We first consider the question of the validity of the Lindquist patent. The device covered by the patent is very complicated and the patent as issued covers over forty printed pages. We are dealing here with a combination patent. The requisites for a valid combination patent are thus set out, with an elaborate citation of authorities, in 40 Am.Jur. 543, § 19: "A combination is a composition of elements, some of which may be old and others new, or all old or all new. It is, however, the combination that is the invention, and is as much a unit in contemplation of law as a single or noncomposite instrument. The authorities establish the following propositions respecting the patentability of devices or processes of this character: (1) that a combination is patentable if it produces new and useful results, although all its constituents were well known and in common use before it was made, provided the results are a product of the combination, and not a mere aggregate of several results, each the product of one of the combined elements; (2) if it produces a different force, effect, or result in the combined forces or processes from that given by their separate parts, and a new result is given by their union; (3) if it either forms a new machine of distinct character or formation, or produces a result which is not the mere aggregate of separate contributions, but is due to the joint and co-operating action of all the elements; (4) when the several elements of which it is composed produce by their joint action either a new and useful result, or an old result in a cheaper or otherwise more advantageous way."

The validity of the very patent here in suit was sustained in Otis Elevator Co. v. 570 Building Corporation, 35 U.S.P.Q. 420, by Judge Moscowitz, sitting in the United States District Court for the Eastern District of New York. This decision was unanimously affirmed by the United States Circuit Court of Appeals for the Second Circuit, opinion by Judge Swan, 98 F.2d 699, and certiorari was denied by the United States Supreme Court, 305 U.S. 640, 59 S.Ct. 107, 83 L.Ed 412. We cordially agree with the result and the reasoning in that case and it should be unnecessary for us to add much to what was there said in the opinions of District Judge Moscowitz and Circuit Judge Swan.

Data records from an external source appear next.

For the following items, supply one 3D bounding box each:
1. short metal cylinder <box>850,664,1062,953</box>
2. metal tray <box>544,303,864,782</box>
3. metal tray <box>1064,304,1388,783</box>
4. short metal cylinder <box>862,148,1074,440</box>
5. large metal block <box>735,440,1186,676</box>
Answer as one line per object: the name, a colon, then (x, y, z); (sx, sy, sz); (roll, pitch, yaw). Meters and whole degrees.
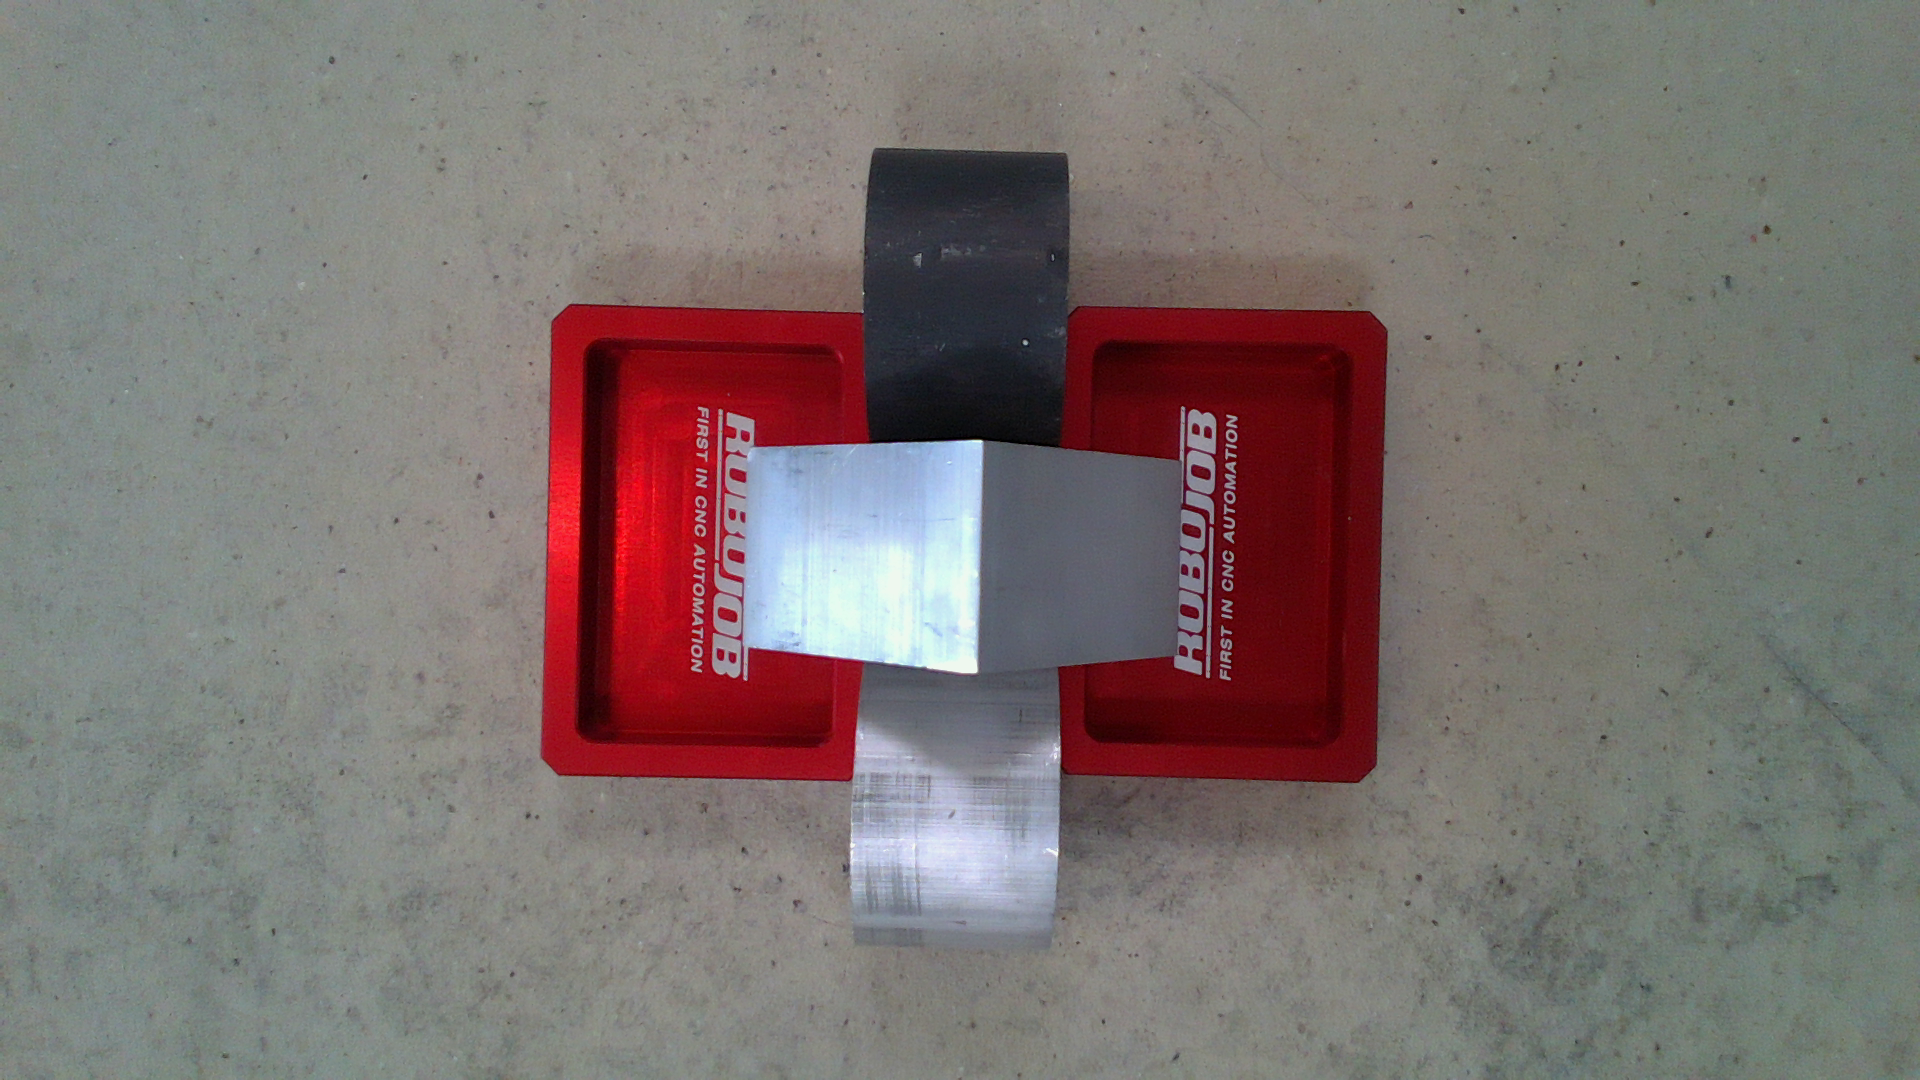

The Lindquist patent discloses an elevator system consisting primarily of an elevator car, operating in a hatchway, serving a plurality of floors, a motor for moving the car up and down, a brake for stopping the car, and a control system for the elevator car. It is with this control system that we are particularly concerned.

Within the car is a plurality of control switches in the form of car push buttons, one for each floor; at each intermediate floor are an Up hall push button and a Down hall push button; at each terminal floor is a single hall button, a Down button at the highest floor, an Up button at the lowest floor. The hall buttons serve to call the car to the indicated floors; the car push buttons to send the car to the indicated floors. Since these push buttons are continuously operable, a call can be registered at any time. Each hall push button operates a floor relay to register a call, which for the intermediate floors corresponds to the desired direction of travel; each car push button operates a floor relay to register a call for its corresponding floor. Once in operation each floor relay is retained in operative condition to maintain the call registered until that particular call is answered, then the relay is reset by its other coil.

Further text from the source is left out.